*Task details*:
Exact reproduction required: the lines below from the line with "five in 2005 to that in 2007?" to the line with "Infant in 2006 to that in 2007?", both ends included, and no others.
((
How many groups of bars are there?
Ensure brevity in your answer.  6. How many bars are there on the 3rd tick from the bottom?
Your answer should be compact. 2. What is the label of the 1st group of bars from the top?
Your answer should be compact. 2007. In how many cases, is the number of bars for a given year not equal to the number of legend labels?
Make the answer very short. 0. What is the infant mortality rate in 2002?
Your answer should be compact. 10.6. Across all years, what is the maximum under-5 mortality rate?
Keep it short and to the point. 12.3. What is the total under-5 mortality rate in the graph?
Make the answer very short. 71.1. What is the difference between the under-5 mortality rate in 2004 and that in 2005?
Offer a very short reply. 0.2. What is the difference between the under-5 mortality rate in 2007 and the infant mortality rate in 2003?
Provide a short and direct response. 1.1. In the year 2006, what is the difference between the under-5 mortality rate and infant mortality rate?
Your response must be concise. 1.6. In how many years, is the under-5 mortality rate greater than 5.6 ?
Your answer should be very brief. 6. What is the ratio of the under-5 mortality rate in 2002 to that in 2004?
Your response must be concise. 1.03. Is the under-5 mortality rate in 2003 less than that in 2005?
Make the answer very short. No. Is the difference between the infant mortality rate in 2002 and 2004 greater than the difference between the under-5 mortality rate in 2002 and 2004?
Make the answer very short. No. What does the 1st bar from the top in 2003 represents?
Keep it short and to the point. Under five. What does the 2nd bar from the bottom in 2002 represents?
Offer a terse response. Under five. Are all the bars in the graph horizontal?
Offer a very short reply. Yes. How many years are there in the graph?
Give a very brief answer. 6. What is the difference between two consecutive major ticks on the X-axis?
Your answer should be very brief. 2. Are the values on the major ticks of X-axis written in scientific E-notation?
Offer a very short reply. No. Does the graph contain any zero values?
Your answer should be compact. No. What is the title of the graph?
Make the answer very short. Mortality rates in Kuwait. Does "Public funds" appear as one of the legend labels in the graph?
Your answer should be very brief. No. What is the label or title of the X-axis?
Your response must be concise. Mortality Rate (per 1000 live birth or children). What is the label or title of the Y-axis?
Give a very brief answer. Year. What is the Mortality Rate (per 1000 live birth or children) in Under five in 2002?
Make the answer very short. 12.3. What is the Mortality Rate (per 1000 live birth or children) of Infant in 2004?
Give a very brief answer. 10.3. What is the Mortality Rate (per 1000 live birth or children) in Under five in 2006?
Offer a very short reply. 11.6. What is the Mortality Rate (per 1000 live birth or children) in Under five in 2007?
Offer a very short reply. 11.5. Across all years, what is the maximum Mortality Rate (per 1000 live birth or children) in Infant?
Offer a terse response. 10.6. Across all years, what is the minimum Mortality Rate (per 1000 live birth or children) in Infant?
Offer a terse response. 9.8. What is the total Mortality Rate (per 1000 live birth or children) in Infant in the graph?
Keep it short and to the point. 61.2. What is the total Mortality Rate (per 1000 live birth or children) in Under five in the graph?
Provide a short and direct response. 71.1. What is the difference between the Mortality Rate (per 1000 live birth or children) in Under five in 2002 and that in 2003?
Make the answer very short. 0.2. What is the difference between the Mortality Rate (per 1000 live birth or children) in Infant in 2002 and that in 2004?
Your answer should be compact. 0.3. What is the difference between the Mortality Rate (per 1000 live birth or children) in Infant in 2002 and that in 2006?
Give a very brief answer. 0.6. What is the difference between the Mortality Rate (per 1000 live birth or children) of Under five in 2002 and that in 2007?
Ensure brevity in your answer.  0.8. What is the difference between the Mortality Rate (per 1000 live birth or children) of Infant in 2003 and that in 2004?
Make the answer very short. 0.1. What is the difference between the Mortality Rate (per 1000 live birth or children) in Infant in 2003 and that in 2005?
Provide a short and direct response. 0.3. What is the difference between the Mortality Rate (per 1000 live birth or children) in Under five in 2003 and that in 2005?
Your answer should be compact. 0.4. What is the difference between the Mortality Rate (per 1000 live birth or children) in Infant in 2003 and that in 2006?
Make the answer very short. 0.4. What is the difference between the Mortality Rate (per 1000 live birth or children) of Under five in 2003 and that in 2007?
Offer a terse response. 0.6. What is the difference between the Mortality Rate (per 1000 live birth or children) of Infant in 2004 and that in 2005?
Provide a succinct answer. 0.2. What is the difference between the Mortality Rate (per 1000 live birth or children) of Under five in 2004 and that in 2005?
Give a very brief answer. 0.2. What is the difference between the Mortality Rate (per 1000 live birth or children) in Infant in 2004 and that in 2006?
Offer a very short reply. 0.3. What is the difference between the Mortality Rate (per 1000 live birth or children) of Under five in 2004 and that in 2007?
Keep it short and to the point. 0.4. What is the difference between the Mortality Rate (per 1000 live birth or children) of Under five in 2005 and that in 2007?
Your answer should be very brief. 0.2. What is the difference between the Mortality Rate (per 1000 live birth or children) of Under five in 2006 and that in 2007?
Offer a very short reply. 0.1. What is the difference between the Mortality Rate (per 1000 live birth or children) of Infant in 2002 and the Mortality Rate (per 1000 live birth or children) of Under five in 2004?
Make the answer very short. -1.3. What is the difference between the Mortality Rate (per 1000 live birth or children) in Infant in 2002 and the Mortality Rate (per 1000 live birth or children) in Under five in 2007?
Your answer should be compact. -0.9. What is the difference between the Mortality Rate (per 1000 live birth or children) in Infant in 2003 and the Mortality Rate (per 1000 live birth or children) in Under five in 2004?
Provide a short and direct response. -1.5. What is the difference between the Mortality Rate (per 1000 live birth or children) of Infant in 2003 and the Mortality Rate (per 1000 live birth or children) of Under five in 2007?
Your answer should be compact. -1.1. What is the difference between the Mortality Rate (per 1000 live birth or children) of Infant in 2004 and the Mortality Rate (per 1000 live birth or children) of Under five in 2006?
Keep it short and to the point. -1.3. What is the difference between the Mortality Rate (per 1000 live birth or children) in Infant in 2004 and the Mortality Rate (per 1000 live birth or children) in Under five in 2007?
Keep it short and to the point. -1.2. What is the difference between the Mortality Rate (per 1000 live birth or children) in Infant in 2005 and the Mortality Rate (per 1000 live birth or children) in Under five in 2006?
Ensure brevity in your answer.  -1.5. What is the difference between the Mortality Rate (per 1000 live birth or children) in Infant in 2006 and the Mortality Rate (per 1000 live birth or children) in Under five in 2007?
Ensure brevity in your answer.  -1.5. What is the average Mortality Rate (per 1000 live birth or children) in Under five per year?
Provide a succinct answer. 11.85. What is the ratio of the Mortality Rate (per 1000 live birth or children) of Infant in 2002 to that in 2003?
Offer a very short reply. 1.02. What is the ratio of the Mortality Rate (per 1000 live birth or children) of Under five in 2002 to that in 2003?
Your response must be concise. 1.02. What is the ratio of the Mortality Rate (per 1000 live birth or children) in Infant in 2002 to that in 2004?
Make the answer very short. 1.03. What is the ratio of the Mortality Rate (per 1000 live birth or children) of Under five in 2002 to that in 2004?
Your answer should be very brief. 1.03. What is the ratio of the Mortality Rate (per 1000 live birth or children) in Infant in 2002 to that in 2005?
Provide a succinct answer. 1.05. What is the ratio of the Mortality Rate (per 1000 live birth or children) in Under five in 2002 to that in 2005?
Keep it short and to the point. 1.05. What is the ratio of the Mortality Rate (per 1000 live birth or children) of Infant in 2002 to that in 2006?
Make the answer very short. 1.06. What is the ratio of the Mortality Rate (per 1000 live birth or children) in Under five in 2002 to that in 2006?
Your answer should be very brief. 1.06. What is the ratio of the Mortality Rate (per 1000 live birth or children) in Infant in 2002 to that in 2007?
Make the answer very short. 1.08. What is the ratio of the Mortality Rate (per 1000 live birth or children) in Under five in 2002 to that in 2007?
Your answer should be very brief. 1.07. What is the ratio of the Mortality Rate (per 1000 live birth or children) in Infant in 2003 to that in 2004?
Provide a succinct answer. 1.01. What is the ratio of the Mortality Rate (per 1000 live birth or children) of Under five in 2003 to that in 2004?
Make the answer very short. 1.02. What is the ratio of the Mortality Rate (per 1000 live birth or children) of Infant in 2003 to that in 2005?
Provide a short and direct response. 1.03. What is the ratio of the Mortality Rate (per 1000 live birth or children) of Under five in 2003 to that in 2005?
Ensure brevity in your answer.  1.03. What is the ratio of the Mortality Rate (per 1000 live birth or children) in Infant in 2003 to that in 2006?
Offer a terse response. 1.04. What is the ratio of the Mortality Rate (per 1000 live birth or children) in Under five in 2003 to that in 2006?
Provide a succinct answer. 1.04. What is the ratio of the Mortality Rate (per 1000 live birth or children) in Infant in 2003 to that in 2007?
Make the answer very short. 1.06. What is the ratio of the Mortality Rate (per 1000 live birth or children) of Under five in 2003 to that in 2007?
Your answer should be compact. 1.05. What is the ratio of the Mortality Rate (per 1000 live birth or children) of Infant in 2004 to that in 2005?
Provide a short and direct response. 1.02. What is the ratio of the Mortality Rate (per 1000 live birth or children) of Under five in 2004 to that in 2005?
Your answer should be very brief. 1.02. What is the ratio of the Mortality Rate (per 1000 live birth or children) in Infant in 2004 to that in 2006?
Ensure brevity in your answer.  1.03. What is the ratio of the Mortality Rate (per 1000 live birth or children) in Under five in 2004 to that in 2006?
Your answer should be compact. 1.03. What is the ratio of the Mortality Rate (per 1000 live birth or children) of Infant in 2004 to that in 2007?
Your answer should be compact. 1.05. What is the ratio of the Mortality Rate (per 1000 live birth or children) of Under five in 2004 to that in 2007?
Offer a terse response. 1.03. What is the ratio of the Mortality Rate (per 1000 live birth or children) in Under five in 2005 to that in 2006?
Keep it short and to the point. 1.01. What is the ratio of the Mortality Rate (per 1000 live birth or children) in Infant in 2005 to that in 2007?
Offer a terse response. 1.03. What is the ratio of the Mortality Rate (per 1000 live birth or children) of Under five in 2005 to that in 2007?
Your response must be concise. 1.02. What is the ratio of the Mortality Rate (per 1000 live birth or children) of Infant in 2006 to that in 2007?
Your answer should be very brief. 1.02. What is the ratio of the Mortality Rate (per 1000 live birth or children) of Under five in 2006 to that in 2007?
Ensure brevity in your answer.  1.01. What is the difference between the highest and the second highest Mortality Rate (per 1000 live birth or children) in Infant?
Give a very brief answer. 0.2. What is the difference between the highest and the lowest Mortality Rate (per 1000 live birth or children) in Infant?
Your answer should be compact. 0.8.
))
*Task response*:
Offer a terse response. 1.03. What is the ratio of the Mortality Rate (per 1000 live birth or children) of Under five in 2005 to that in 2007?
Your response must be concise. 1.02. What is the ratio of the Mortality Rate (per 1000 live birth or children) of Infant in 2006 to that in 2007?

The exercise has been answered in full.